Oslo moves to expand defense spending over the next decade
Norway has unveiled plans to add 115 billion krone, or about $11.8 billion, to its defense spending through 2035, arguing that a more unstable security environment and rising equipment costs require a sharper buildup than previously planned. If approved by parliament, the increase would be folded into the country’s revised Long-term Defence Plan 2025-2036 and help put Norway on track to meet NATO’s 3.5% of GDP spending target by 2035.
The proposal, reported by Breaking Defense, reflects the speed with which European defense planning continues to harden. Norway’s government is not presenting the extra spending as a symbolic hedge. It is tying the increase directly to lessons from the war in Ukraine, cost inflation in military procurement, and the need to strengthen capabilities faster than initially envisioned.
How the new funding would be spent
Prime Minister Jonas Gahr Støre made that case plainly, saying equipment costs have risen and that the war in Ukraine has offered new insights. Under the proposal, 31 billion krone would be spent by 2030, with the remaining 84 billion allocated between 2030 and 2035. Norway’s defense budget for 2026 already sits at 180 billion krone, so the additional funding would meaningfully extend an existing upward trajectory rather than start a new one from scratch.
The planned spending priorities show where Oslo sees the most urgent gaps. According to Breaking Defense, the money would go toward “combat-critical munitions,” including the acquisition of Advanced Anti-Radiation Guided Missile – Extended Range weapons for Norway’s fleet of F-35 fighters. The government expects to sign a deal for those Northrop Grumman-made missiles by the end of the year, with deliveries projected for 2031 to 2032.
Norway also wants to use the added funding to speed up the introduction of new Type 212CD submarines built by Germany’s ThyssenKrupp Marine Systems and the acquisition of the first two Type 26 anti-submarine warfare frigates produced by BAE Systems in the UK. Taken together, those priorities point to a familiar European defense pattern: more munitions, more maritime capability, and greater emphasis on survivability and deterrence in a region increasingly focused on Russia and Arctic security.

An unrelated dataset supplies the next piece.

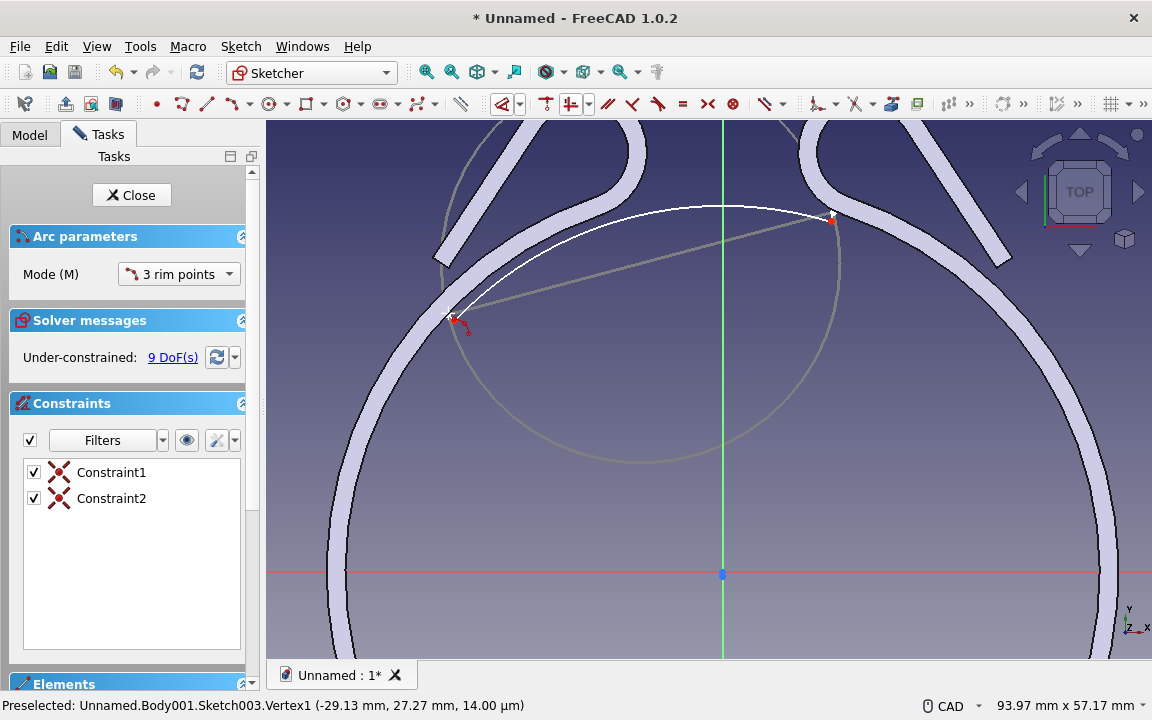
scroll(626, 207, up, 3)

A buildup shaped by NATO expectations and regional geography
Norway occupies a strategically sensitive position inside NATO. It sits on the alliance’s northern flank, borders Russia, and plays an outsized role in North Atlantic and Arctic security despite its relatively small population. That geography makes investments in airpower, undersea warfare, and maritime presence especially important. It also means Norway’s defense debates are about more than national protection; they are tied directly to alliance reinforcement routes, sea lane security, and northern deterrence.

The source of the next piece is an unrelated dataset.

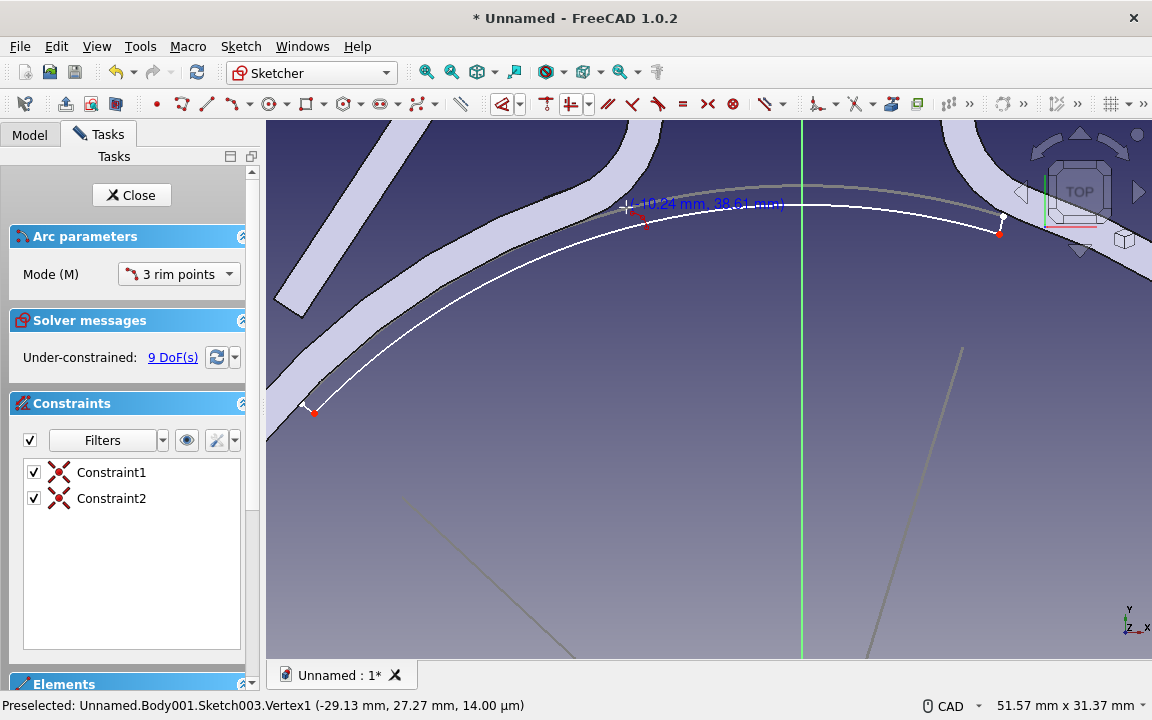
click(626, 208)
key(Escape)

The 3.5% GDP target cited in the proposal is notable in itself. NATO governments have spent years under pressure to raise military spending, but the debate is no longer just about reaching a legacy 2% benchmark. In Norway’s case, the proposed path suggests that alliance burden sharing is now being reframed around a much higher level of sustained commitment, especially for countries in more exposed geographies.
The government’s language shows that this is not just a budget adjustment but a reprioritization. Breaking Defense notes that the package also includes cancellation of a drone program. Even without extensive detail on that decision in the source text, the move signals that Norway is willing to trade off some plans in order to put more money into immediate firepower, fleet modernization, and systems judged more urgent in the current threat environment.

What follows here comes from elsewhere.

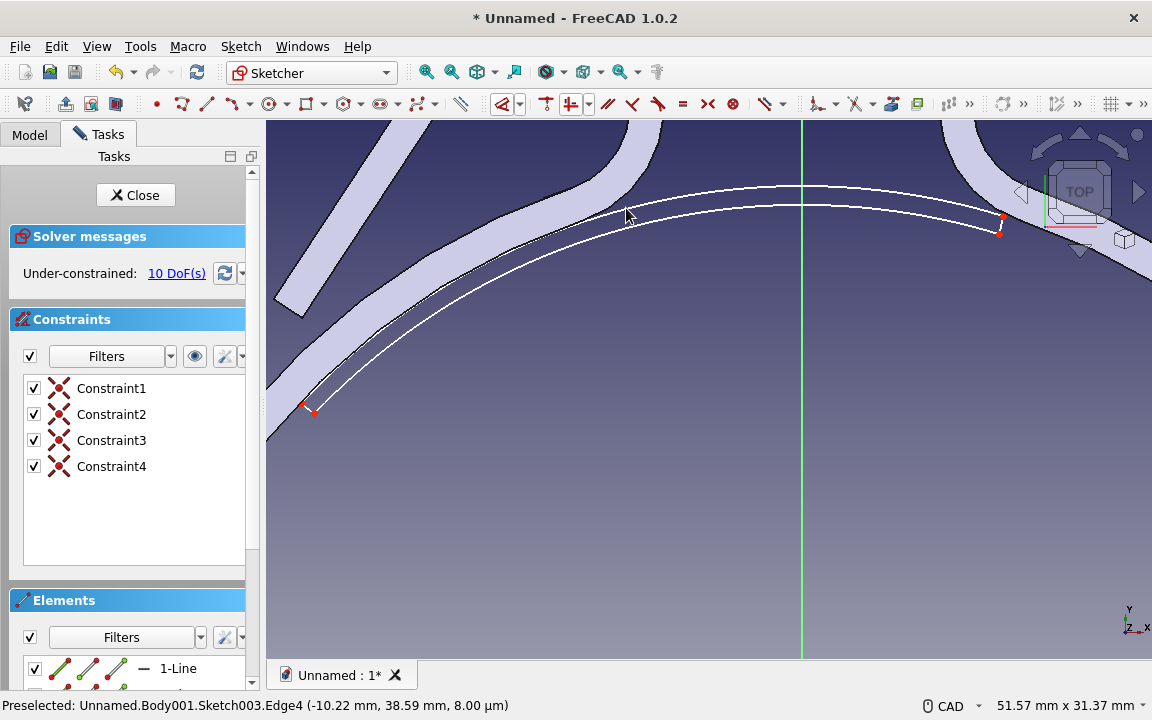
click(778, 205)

Why the proposal matters beyond Norway
The significance of the Norwegian plan extends beyond its headline figure. It is another data point showing how European governments are shifting from incremental modernization to long-horizon rearmament with near-term urgency. That combination matters. Procurement programs like submarines and frigates stretch across many years, but the rhetoric around them is increasingly tied to present risk rather than distant planning cycles.
There is also an industrial implication. AARGM-ER missiles, Type 212CD submarines, and Type 26 frigates all connect Norway’s future force structure to US, German, and British defense manufacturing. That deepens interoperability, but it also ties readiness to delivery schedules, cross-border industrial capacity, and the ability of suppliers to keep pace with a continent that is ordering more at the same time.
Parliament still needs to approve the funding change and the associated equipment proposals, so the plan is not yet final. But the direction is clear. Norway is preparing for a security environment in which cost, time, and risk all point the same way: toward spending more, buying more critical munitions, and accelerating naval and air capabilities sooner than previously planned.
For Europe, that is becoming less an exception than a pattern. For Norway, with its Arctic exposure and frontline relevance to NATO, it is a recognition that deterrence now requires not only political resolve but a much larger material commitment than the country was expecting to make even a short time ago.